FEDERATION’S END II: THE WITCHING HOUR
by E. L. Zimmerman
CHAPTER NINETEEN
Finally, much to his surprise and confusion, Mandakorr heard a solitary voice crack the silence, echoing throughout the vast corridor:
“You do not compute.”
Straining to lift his head, glancing up and down the hallway lined with Borg conduits and junction boxes, the former Gallenian squinted. In the distance, he made out a hazy shape that vaguely resembled something … humanoid. The shape moved, and Mandakorr discerned that, whoever was there, was now quickly approaching him.
“Help,” he whispered, his voice raspy, his body drained physically from his efforts to broadcast a distress call through subspace. “Please … help me.”
Mandakorr laid his head back down on the floor.

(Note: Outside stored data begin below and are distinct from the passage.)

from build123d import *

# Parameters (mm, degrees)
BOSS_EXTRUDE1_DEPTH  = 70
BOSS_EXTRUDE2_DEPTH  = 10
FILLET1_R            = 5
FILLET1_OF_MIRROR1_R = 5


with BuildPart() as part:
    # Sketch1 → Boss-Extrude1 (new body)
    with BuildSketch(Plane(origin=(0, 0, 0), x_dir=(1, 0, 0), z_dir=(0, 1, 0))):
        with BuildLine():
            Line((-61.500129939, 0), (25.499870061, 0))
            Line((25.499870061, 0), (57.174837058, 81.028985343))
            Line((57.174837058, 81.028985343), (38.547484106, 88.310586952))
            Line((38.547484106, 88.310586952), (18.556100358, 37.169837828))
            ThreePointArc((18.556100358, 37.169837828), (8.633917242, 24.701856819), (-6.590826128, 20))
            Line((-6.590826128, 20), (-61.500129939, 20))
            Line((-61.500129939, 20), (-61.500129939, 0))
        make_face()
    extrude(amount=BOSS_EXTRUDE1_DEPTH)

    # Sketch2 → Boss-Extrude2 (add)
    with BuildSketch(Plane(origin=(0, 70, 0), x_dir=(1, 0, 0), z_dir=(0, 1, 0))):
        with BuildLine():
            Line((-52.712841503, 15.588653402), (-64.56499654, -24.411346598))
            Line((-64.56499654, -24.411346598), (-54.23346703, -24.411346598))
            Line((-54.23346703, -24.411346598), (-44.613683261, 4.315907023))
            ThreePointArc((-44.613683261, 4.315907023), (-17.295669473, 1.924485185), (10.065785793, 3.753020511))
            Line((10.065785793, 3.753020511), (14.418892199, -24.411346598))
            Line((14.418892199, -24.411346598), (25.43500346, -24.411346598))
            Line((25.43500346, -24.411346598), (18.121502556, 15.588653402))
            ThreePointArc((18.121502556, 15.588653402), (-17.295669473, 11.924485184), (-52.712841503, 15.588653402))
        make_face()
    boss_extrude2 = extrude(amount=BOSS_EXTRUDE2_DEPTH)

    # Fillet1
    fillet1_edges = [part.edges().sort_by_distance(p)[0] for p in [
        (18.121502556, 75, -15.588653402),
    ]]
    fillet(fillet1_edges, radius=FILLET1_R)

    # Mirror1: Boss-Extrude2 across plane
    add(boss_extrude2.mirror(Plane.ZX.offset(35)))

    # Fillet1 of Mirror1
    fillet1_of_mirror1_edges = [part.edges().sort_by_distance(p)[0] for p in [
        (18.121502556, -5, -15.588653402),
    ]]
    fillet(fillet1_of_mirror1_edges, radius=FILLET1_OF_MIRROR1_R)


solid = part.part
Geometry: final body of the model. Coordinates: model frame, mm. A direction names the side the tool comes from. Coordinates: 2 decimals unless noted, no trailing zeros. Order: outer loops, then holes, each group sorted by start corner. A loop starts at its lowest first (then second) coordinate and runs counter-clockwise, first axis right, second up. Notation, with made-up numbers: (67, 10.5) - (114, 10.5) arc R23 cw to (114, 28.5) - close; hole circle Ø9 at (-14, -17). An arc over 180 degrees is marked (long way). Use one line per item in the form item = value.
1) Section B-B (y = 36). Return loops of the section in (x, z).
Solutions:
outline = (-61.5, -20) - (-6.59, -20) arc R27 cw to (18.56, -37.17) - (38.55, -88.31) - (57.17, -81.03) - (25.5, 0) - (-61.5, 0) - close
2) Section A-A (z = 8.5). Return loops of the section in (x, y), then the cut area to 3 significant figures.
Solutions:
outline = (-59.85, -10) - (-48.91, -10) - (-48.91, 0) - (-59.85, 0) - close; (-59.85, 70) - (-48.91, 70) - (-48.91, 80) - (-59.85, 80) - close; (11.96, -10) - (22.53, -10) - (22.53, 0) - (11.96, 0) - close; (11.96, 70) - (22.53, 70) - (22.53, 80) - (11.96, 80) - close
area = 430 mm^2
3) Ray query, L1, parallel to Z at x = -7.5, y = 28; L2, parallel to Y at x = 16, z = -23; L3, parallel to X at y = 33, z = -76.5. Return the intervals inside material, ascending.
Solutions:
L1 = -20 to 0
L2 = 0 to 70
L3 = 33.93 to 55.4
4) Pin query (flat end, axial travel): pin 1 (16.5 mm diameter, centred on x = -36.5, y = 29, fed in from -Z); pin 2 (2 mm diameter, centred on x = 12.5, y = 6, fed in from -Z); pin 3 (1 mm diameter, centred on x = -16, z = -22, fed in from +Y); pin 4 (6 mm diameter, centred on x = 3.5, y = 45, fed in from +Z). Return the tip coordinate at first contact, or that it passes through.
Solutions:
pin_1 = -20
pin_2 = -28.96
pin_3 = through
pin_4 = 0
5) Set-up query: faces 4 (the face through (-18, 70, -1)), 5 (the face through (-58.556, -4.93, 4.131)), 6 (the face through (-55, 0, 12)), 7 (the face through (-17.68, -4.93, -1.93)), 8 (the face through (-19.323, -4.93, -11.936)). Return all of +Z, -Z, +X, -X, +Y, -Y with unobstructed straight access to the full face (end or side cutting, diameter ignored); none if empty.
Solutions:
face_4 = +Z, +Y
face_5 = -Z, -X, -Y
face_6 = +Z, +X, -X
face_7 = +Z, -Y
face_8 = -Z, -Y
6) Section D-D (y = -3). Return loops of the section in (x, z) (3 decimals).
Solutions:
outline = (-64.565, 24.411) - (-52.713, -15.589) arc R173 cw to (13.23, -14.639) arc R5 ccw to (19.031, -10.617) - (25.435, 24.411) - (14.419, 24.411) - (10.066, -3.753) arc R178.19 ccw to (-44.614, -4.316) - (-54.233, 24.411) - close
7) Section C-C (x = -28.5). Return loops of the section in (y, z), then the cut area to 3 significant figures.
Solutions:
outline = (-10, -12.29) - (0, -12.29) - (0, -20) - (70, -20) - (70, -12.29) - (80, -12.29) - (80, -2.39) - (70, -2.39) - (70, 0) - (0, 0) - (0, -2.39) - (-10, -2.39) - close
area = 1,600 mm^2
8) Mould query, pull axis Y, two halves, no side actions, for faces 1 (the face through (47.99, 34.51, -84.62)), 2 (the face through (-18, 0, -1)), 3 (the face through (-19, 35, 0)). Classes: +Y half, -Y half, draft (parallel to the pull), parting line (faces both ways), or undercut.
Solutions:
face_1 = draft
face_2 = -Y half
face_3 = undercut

He heard and felt the heavy footfalls of the faceless stranger rapidly approaching.
Clunk.
Clunk.
Clunk.
“Yours is a voice unheard in the Collective,” he heard again.
‘No,’ Mandakorr cried out in his mind. Somehow, his effort to escape the Cube must’ve awakened a single drone, and that drone was now intent on ‘dealing’ with him.
Clunk.
Clunk.
Clunk.
“You do not compute.”
‘NO!’ Mandakorr screamed inside. ‘NO! NOT NOW! NOT NOW!’
Swallowing his growing anger, Mandakorr tried desperately to sit up as the figure approaching him, but he couldn’t find the strength.
‘GET UP, YOU FOOL!’ he harshly commanded, his muscles protesting with all of their aches. ‘GET UP NOW!’
Quickly, jerking, placing his own free arm under him, he pushed up, ignoring the pain, lifting his upper torso slowly from the deckplates where he had been sleeping. Panting, rasping, he tried desperately to right himself.
Clunk.
Clunk.
Clunk.
Squinting, Mandakorr glanced in the direction of the pounding footsteps and found that the approaching form did suddenly take the familiar shape of a Borg drone.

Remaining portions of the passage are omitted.